Two elastic elements 14a and 14b can be used to equalize the value

81, §2 opposite gaps 81, 82 into an intermediate position between the metal profiles 1, 2, where the elastic elements 14a, 14b are located between the metal profile 1 and the insulating profile 8 and between the metal profile 2 and the insulating profile 8, respectively, in this embodiment, according to essentially between the end surface of the protrusion 7 and the ledge 8 of the insulating profile. The elastic elements 14 not only center the insulation profile with respect to two metal profiles 1, 2, but also distribute two metal profiles 1, 2 in space in such a way that they contact their external surfaces or external edges 5, 6 with the edges of the mounting device. Therefore, the separation in space of the two metal profiles no longer requires an insulated spring element 13 or any other device in the device. Consequently, the elastic elements 14 on the insulating profile 8 replace the function of the spring element 13 and / or special fixing devices for the metal profiles 1, 2 on the mounting device, which provides a particularly simple and preferred solution of the invention.

FIG. 3 shows a combined profile prior to assembly. The protrusions 7 are not yet formed on the insulating profiles 8. The elastic elements 14 are relaxed in the direction of the X-axis of the profile and thus push the metal profiles 1, 2 a distance longer than the nominal distance C.

When passing through the mounting device, the elastic elements 14 are compressed and, thus, cause a return force acting on the metal profiles 1, 2, which provides contact between the metal profiles 1, 2 and the mounting device itself.

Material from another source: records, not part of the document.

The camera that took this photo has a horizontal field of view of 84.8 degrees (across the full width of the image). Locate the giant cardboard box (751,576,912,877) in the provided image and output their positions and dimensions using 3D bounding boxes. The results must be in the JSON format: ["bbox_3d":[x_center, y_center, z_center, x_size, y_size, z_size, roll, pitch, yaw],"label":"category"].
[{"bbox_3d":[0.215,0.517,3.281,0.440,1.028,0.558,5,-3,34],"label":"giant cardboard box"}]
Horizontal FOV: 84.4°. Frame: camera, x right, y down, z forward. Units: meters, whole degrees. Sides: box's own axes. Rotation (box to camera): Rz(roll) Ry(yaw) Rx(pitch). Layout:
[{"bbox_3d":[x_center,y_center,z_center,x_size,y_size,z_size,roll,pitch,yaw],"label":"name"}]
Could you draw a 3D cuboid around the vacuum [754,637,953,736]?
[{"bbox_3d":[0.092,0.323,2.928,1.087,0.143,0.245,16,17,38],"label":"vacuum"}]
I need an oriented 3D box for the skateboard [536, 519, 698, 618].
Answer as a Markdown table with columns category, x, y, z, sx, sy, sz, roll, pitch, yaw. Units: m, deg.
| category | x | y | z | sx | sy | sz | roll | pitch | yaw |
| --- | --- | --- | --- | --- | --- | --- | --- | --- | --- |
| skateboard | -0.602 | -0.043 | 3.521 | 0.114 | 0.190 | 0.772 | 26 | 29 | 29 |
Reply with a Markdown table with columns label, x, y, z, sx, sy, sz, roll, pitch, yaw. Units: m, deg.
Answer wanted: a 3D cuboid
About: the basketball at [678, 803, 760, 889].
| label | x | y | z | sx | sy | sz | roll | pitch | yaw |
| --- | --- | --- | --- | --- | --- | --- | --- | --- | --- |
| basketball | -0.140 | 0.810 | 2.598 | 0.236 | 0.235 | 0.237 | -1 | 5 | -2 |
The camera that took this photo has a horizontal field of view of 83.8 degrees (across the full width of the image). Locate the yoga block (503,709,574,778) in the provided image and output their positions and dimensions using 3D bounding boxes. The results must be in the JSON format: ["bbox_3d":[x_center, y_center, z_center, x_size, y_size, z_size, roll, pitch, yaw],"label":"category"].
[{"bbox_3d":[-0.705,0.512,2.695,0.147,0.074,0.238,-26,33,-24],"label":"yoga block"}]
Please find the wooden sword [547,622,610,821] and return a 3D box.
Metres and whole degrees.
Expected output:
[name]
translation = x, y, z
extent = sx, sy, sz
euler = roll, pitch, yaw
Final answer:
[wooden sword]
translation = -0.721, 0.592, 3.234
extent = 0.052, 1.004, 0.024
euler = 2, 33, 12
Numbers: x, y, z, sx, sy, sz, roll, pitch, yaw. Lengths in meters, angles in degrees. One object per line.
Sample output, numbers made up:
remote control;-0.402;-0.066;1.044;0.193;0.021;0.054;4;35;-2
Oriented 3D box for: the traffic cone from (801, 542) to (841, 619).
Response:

FIG. 4 corresponds to FIG. 2 in a fully fixed position that connects metal profiles 1 and 2 with insulating profiles 8. Grooves 7 of the groove are formed on the base section 9 of the insulating profiles, so that a blocking or corrugated tire 15 is installed between the side groove in the base section 9 of the insulating profile to transfer perpendicularly load. The tire 15 contacts the inside of its outer surface with the protrusions 7a and establishes the shape of the fit in the longitudinal direction of the profile. The elastic element 14 is given the required dimensions along the X axis to create the most uniform and constant elastic force along the deformation path. In the most practical embodiments, the thickness of the elastic elements 14 in the direction of the X axis is at least 2 mm.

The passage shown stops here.